Introduction

As medical and scientific advances lead to major gains in life expectancy, the prevalence of chronic diseases, including cancer, continues to increase. High expectation for the treatment of primary tumours, together with careful clinical follow-up, also reveals an increase in bone metastases. The exact incidence of skeletal metastasis is unknown, and rates from necropsy studies are not accurate, as patients dying in hospital with terminal metastatic disease are an un-representative sample.

The distribution of bone metastases reflects the pattern of the haematogenous spread of tumour cells from primary tumours, and surgeons are often faced with complex surgical problems as they have to deal with both a primary tumour and its metastatic spread.

The purpose of our retrospective study was to report the incidence of bone metastases as the first sign of metastatic disease in patients with a known primary solid malignant tumour.

Material and methods

The records of 867 patients with various primary solid malignant tumours treated at our institution between 1987 and 1998 were reviewed. The average age was 67.7 (range: 30–96) years, and there were 400 men and 467 women. On admission, all the patients were graded according to Karnofsky’s performance status [7]. This method allows patients to be classified in relation to any impairment of their daily living activities. It can be used both to follow the course of the illness and to assess the prognosis for individual patients. The lower the Karnofsky status, the worse the chances of survival and the quality of life.

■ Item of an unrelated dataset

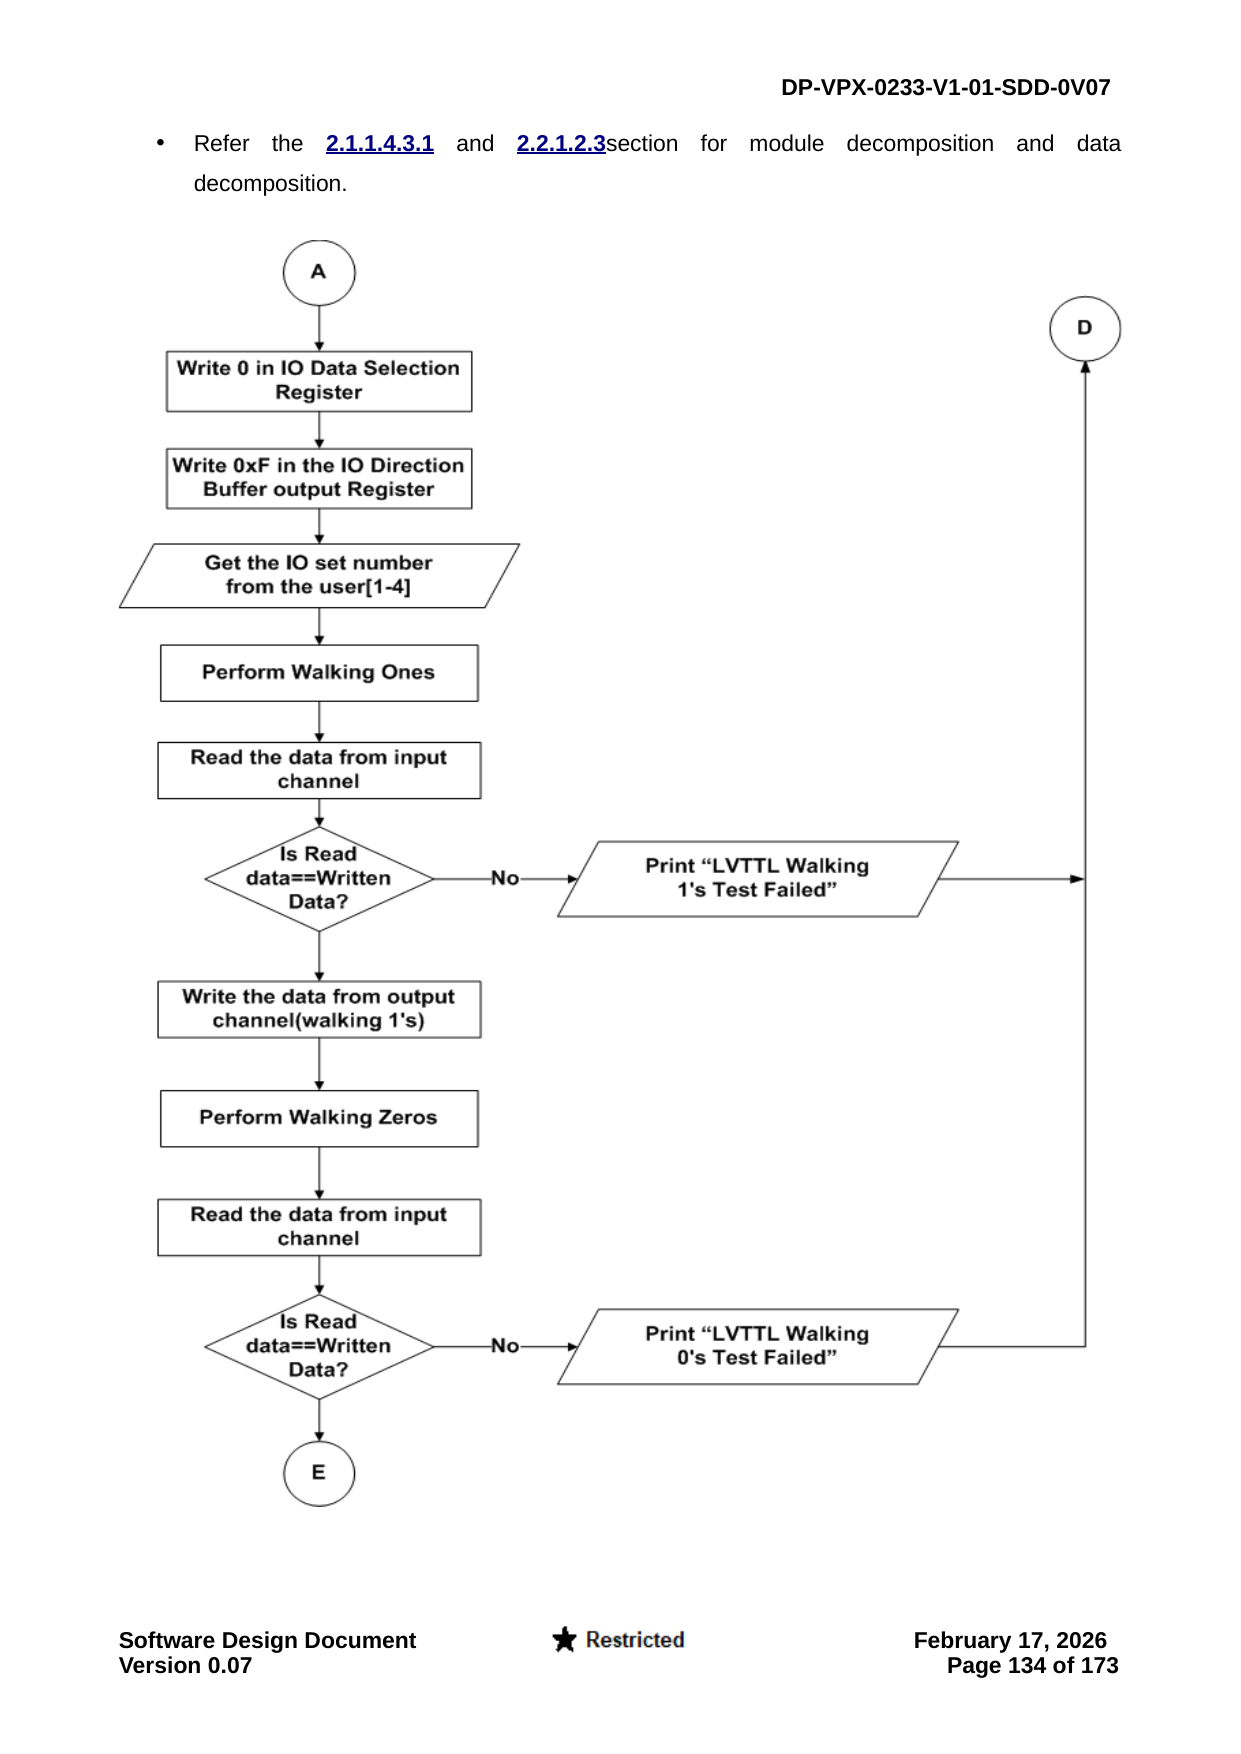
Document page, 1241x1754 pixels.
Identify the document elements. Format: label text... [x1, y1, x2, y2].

Assessment of the primary tumours included clinical, laboratory and radiographic examinations, together with CT scans and bone scan imaging studies in all patients. CT scans of the abdomen were used for accurate diagnosis of solid tumours of major organs. In patients with gastro-intestinal disease, endoscopic examinations or conventional radiographs were performed in order to diagnose the exact location of the primary tumour. However, patients with prostatic cancer were excluded from the study and were referred to another institution, as we did not have the necessary equipment to treat these patients. Table 1 shows the location of solid tumours. No evidence of any bone metastases was found at the initial presentation.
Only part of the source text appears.